> _THE PROBLEM_
Look below for the line containing "Offer a terse response. 1.16."; from there through the line containing "Give a very brief answer. 0.82.", both lines included, please set down each line exactly and nothing else.
━━━━━ ENTRIES SHOWN ━━━━━
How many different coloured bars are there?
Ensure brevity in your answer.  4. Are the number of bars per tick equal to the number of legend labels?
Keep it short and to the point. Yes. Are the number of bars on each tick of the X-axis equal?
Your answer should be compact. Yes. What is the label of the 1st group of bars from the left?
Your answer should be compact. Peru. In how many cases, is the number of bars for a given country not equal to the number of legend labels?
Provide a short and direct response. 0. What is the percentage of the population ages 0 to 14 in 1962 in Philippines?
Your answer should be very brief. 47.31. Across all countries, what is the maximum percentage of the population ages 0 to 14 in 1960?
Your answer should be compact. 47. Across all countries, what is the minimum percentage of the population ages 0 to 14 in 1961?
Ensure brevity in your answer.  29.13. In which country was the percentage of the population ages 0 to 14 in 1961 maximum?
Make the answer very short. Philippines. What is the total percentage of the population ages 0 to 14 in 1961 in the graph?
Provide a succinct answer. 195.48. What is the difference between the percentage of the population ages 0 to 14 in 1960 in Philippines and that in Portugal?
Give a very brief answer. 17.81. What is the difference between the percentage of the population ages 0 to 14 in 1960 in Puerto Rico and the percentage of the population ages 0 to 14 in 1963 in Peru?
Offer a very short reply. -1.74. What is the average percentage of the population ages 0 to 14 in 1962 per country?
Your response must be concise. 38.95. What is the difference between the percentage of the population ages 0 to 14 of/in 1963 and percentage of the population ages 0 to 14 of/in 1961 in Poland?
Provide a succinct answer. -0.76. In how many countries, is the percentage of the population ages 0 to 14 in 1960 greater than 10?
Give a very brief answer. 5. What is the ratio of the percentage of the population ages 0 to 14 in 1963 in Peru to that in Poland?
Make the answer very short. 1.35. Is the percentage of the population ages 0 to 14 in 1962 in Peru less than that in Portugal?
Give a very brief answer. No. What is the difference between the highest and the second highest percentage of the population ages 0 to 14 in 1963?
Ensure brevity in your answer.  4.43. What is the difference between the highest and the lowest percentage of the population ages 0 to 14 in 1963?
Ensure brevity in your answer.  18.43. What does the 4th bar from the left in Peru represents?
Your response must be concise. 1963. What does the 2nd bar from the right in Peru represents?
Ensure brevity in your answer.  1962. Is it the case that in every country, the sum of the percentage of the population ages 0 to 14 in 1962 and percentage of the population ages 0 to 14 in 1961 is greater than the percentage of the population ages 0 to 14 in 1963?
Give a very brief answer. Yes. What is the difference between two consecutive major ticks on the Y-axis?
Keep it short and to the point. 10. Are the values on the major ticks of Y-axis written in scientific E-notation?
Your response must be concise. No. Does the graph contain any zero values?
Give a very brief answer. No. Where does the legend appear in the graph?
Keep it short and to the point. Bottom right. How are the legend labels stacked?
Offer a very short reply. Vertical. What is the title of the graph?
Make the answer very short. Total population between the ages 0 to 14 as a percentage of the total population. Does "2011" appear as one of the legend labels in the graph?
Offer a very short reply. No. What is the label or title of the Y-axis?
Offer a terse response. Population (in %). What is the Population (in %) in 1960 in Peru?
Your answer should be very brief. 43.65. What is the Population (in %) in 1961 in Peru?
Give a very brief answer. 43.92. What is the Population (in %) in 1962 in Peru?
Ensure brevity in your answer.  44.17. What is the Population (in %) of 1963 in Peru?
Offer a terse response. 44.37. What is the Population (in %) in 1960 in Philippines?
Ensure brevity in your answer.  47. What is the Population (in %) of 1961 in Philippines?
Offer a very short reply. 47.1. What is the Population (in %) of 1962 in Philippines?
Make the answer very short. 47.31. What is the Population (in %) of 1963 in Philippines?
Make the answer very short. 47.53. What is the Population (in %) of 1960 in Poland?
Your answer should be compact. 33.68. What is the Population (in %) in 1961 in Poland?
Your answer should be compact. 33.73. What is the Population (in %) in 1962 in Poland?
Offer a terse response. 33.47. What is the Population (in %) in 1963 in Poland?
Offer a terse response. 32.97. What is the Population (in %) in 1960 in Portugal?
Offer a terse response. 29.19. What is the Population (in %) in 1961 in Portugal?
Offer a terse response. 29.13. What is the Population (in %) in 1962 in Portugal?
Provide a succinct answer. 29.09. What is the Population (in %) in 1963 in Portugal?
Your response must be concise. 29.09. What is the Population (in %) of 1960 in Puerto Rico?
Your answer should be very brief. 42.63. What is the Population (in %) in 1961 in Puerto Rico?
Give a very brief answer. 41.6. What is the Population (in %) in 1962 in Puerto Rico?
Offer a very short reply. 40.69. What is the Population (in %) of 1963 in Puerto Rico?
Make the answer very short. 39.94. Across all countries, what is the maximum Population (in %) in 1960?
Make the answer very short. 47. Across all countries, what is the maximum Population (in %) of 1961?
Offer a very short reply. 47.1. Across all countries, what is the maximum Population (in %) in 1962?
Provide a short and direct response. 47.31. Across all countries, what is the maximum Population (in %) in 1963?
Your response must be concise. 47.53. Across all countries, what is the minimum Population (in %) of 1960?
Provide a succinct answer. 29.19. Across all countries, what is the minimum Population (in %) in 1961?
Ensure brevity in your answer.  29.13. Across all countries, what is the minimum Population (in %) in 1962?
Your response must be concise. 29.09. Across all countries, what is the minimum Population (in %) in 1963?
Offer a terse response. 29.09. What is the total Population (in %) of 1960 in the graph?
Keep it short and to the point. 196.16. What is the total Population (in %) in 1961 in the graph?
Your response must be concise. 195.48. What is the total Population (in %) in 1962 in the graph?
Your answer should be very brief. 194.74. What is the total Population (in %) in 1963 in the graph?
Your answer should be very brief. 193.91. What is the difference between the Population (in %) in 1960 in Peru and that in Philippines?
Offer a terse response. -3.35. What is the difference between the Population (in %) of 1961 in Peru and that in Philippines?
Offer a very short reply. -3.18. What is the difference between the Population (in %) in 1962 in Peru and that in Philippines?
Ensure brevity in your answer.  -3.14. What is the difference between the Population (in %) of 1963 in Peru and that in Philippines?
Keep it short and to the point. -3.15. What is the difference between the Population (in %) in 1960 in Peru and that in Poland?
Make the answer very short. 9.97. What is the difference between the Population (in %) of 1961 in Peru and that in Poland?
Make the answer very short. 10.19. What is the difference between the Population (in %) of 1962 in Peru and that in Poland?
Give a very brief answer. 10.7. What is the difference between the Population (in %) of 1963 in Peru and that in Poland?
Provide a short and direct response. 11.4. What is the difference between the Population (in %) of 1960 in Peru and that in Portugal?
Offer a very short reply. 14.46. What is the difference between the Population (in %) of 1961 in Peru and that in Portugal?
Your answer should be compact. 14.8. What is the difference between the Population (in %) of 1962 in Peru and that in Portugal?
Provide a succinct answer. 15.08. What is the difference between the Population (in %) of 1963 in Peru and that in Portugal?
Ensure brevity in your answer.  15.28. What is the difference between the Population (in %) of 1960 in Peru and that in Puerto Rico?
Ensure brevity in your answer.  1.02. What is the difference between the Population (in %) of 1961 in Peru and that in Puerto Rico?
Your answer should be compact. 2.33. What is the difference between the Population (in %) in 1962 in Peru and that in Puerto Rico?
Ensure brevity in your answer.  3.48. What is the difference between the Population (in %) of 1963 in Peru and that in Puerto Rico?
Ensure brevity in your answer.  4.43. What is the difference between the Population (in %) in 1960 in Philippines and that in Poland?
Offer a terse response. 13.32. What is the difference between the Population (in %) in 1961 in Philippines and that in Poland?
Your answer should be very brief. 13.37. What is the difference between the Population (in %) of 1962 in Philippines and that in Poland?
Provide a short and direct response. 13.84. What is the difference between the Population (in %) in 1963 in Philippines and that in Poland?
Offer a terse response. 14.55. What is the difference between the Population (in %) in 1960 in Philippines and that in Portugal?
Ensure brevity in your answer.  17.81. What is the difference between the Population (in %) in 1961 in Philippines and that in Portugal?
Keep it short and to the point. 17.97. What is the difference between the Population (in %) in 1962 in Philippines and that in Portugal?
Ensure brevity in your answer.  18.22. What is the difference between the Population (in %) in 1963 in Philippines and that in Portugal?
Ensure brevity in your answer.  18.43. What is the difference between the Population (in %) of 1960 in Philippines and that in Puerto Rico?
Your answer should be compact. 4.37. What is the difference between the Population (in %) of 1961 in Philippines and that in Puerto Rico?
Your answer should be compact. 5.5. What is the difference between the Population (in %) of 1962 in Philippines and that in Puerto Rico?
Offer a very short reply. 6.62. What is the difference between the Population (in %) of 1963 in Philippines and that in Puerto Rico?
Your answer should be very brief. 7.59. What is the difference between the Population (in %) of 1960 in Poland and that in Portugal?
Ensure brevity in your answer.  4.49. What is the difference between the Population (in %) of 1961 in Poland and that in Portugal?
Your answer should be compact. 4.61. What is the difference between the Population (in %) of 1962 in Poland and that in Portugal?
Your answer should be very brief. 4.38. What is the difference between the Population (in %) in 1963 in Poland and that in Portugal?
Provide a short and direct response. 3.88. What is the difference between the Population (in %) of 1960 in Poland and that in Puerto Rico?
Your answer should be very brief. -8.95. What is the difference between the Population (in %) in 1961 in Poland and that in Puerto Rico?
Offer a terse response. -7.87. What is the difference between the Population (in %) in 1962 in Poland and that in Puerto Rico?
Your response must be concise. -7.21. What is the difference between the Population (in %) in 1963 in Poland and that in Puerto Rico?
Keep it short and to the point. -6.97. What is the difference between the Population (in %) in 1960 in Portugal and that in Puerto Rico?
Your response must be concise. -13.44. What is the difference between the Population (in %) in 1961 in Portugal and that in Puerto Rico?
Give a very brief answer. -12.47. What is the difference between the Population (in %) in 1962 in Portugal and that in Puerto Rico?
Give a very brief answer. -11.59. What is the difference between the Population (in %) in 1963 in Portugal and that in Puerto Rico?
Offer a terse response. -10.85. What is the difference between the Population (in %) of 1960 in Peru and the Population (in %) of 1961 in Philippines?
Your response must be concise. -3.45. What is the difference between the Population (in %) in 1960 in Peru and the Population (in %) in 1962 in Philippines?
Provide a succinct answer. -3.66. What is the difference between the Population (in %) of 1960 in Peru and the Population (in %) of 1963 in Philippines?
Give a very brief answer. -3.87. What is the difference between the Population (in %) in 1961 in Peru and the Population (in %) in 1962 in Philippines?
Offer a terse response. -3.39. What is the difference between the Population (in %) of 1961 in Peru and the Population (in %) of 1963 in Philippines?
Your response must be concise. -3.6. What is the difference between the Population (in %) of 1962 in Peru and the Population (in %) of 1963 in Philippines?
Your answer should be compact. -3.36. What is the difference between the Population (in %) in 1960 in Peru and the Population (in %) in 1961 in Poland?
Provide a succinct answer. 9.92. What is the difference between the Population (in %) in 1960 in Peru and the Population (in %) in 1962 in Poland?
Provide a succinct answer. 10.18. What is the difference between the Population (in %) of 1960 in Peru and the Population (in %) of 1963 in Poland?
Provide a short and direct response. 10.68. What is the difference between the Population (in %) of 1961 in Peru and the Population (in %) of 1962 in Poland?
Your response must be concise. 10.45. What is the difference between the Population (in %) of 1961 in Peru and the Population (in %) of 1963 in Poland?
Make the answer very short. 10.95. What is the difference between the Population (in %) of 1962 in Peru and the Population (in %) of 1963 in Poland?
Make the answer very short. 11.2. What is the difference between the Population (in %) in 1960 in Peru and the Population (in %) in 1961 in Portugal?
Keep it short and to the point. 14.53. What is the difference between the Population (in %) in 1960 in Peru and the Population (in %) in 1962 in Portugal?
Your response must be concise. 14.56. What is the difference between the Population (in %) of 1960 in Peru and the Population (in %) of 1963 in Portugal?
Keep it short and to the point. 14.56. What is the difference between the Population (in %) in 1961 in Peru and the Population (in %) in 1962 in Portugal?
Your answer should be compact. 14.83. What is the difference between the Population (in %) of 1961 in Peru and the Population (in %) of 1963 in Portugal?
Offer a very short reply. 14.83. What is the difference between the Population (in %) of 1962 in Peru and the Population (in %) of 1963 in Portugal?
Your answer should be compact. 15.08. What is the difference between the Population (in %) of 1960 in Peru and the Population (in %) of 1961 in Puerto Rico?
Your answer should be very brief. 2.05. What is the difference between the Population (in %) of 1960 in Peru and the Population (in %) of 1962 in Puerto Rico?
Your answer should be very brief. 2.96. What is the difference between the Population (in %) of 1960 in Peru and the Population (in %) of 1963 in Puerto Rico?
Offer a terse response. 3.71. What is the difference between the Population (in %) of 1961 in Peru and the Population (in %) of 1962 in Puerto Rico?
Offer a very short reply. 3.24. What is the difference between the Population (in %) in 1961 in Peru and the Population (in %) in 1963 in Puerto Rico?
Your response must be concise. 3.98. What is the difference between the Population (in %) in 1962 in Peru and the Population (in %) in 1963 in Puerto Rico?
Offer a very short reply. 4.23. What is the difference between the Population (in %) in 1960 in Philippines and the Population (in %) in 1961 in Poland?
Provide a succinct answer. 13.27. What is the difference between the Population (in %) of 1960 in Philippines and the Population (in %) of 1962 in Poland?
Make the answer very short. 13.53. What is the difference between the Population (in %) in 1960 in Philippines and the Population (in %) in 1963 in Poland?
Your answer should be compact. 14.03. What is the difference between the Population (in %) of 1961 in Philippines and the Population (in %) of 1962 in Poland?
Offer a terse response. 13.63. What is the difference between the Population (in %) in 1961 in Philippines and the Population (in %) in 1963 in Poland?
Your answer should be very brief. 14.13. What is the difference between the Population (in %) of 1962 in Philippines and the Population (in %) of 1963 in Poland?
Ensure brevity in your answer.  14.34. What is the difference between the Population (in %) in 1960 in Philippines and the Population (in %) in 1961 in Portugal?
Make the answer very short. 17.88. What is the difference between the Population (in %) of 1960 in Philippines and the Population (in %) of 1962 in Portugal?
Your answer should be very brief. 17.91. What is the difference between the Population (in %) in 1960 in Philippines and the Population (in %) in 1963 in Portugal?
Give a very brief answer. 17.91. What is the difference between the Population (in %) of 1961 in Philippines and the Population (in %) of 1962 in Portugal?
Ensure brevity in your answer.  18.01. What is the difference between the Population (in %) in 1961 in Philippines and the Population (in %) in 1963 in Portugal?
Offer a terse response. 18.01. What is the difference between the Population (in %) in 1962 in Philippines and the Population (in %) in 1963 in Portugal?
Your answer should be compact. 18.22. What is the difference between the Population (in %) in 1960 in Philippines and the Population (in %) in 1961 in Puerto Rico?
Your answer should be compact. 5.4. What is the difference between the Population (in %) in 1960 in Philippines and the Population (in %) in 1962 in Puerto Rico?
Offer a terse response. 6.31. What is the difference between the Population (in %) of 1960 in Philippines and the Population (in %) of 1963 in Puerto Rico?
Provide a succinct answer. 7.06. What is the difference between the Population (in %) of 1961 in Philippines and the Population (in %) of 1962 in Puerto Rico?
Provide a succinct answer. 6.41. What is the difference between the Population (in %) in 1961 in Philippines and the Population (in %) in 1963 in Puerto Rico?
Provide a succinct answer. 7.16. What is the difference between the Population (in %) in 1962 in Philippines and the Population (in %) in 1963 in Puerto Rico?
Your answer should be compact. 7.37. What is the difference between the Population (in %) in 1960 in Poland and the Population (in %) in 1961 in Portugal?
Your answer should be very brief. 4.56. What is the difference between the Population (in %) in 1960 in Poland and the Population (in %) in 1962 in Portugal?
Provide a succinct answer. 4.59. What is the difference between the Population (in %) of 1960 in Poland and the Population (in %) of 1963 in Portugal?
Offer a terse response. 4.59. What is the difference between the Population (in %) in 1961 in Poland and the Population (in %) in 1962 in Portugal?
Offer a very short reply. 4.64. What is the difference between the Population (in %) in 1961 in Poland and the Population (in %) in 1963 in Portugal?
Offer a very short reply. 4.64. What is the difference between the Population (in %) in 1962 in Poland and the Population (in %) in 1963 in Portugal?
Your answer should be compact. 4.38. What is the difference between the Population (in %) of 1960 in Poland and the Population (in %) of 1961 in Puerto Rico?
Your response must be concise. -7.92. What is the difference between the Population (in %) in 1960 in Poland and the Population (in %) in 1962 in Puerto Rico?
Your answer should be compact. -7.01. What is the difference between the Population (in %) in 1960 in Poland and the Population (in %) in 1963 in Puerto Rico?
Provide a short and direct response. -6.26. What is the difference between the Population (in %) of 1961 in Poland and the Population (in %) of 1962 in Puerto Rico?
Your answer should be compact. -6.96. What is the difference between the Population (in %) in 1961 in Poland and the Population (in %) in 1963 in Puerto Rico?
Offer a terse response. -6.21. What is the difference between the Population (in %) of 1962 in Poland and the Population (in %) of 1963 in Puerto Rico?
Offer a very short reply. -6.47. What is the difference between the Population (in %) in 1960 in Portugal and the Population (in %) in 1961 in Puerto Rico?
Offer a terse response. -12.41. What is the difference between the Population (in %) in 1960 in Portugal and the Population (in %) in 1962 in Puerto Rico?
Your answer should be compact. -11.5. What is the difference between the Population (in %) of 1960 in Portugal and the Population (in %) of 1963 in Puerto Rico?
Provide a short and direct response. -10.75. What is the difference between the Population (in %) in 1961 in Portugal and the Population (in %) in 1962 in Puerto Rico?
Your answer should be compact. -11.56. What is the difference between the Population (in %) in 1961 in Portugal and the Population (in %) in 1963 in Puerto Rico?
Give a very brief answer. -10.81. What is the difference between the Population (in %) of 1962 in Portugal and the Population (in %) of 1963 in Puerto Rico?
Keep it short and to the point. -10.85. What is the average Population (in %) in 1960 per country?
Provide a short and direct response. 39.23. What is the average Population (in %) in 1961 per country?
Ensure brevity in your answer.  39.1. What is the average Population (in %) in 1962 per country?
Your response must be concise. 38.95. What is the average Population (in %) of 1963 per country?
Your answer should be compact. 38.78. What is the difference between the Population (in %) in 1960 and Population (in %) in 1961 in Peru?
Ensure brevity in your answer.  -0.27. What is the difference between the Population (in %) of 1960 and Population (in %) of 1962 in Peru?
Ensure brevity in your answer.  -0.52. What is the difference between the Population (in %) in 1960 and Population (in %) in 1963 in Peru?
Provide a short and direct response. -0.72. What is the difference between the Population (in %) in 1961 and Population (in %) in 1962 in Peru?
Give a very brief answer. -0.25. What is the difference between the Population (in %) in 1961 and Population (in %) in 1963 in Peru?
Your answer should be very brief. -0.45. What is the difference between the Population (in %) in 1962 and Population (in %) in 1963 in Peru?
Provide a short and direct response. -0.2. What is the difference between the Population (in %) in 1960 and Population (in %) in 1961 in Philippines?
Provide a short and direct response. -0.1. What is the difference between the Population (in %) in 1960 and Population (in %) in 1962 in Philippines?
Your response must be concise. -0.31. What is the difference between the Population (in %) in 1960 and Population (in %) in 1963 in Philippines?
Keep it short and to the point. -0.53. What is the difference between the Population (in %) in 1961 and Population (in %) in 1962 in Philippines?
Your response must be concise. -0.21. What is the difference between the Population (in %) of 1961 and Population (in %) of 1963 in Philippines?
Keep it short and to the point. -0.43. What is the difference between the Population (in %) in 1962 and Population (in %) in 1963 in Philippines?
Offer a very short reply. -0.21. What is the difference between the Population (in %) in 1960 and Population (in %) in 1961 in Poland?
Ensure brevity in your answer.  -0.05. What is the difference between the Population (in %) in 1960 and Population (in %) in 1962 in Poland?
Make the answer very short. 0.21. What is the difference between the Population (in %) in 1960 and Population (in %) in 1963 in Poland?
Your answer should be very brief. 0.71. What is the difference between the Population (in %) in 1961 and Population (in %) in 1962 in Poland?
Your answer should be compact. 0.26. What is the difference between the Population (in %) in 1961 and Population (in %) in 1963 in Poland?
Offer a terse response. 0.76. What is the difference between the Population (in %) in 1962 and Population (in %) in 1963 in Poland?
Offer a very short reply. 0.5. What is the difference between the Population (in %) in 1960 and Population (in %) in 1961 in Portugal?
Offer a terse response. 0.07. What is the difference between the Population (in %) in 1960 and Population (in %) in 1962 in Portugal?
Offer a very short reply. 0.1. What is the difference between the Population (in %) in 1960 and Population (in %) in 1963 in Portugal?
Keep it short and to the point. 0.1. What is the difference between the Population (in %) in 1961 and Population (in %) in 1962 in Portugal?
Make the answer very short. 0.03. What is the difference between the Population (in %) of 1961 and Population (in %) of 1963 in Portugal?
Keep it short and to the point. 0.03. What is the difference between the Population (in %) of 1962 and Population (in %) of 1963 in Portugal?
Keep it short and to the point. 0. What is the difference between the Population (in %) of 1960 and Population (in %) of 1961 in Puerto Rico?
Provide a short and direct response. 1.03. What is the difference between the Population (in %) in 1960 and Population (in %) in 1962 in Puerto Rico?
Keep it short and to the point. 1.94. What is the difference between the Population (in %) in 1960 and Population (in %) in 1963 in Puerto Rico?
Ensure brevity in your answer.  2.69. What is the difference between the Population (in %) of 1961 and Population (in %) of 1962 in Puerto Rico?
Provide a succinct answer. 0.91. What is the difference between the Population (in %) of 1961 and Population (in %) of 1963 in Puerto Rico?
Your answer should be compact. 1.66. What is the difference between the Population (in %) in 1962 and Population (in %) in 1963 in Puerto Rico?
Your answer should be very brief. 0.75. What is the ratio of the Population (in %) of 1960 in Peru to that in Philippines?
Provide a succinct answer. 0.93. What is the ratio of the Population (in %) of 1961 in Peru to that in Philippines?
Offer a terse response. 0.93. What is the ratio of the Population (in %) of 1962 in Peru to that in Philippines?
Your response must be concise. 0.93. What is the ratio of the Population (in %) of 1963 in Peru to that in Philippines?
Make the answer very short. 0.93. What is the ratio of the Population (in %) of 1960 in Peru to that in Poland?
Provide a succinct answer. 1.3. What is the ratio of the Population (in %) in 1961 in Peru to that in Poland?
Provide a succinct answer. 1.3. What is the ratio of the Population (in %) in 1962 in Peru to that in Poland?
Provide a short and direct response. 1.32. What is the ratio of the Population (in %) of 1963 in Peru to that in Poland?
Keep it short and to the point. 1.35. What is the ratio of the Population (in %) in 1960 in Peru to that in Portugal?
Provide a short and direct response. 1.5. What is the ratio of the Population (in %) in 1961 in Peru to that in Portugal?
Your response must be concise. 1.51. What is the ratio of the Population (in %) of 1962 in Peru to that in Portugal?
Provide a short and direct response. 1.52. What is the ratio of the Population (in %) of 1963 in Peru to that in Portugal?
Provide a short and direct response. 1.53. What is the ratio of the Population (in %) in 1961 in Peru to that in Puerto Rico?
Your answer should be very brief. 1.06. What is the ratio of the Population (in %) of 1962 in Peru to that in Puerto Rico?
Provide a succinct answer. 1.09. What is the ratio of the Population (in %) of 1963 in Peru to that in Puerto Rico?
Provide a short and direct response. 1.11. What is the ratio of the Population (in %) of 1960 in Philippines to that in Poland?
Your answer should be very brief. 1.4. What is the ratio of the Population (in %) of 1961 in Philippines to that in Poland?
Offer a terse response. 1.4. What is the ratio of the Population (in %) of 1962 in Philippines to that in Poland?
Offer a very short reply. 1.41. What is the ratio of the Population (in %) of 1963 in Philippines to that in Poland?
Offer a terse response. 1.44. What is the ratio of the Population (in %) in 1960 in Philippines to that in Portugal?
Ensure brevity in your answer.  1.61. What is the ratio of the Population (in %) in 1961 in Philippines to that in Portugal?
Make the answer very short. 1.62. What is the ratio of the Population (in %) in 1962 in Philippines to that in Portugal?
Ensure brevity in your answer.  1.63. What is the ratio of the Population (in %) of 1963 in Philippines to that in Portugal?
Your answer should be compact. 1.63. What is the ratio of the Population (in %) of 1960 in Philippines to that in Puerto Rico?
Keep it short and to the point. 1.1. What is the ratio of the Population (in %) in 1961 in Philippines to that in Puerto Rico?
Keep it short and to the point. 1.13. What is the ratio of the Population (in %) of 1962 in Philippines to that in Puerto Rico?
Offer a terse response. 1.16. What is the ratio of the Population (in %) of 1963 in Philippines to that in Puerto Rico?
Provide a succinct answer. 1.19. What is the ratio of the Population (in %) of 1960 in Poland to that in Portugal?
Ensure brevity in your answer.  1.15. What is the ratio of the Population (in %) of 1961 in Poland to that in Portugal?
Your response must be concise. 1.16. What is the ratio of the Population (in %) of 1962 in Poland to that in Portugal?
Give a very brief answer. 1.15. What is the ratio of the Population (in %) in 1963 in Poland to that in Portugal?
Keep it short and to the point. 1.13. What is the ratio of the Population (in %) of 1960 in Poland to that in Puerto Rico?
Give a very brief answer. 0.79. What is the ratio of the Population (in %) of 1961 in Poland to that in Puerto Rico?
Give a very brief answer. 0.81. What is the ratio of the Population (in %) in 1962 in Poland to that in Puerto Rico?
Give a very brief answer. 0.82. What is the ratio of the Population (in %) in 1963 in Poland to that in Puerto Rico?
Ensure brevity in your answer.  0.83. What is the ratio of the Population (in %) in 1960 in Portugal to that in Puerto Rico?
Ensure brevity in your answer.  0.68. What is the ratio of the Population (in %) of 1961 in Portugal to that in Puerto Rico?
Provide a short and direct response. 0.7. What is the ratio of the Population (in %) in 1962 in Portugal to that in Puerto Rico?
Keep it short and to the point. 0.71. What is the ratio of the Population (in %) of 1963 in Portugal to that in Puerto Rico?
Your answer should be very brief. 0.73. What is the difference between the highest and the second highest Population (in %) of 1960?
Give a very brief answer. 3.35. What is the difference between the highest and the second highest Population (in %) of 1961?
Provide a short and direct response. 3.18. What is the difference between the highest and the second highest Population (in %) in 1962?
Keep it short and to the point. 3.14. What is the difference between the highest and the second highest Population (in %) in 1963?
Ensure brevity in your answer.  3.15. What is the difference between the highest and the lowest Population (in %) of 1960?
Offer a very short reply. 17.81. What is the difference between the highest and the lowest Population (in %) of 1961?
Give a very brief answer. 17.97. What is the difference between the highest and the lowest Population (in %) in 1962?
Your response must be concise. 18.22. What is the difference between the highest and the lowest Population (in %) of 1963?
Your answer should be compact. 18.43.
━━━━━
> _EXPECTED OUTPUT_
Offer a terse response. 1.16. What is the ratio of the Population (in %) of 1963 in Philippines to that in Puerto Rico?
Provide a succinct answer. 1.19. What is the ratio of the Population (in %) of 1960 in Poland to that in Portugal?
Ensure brevity in your answer.  1.15. What is the ratio of the Population (in %) of 1961 in Poland to that in Portugal?
Your response must be concise. 1.16. What is the ratio of the Population (in %) of 1962 in Poland to that in Portugal?
Give a very brief answer. 1.15. What is the ratio of the Population (in %) in 1963 in Poland to that in Portugal?
Keep it short and to the point. 1.13. What is the ratio of the Population (in %) of 1960 in Poland to that in Puerto Rico?
Give a very brief answer. 0.79. What is the ratio of the Population (in %) of 1961 in Poland to that in Puerto Rico?
Give a very brief answer. 0.81. What is the ratio of the Population (in %) in 1962 in Poland to that in Puerto Rico?
Give a very brief answer. 0.82. What is the ratio of the Population (in %) in 1963 in Poland to that in Puerto Rico?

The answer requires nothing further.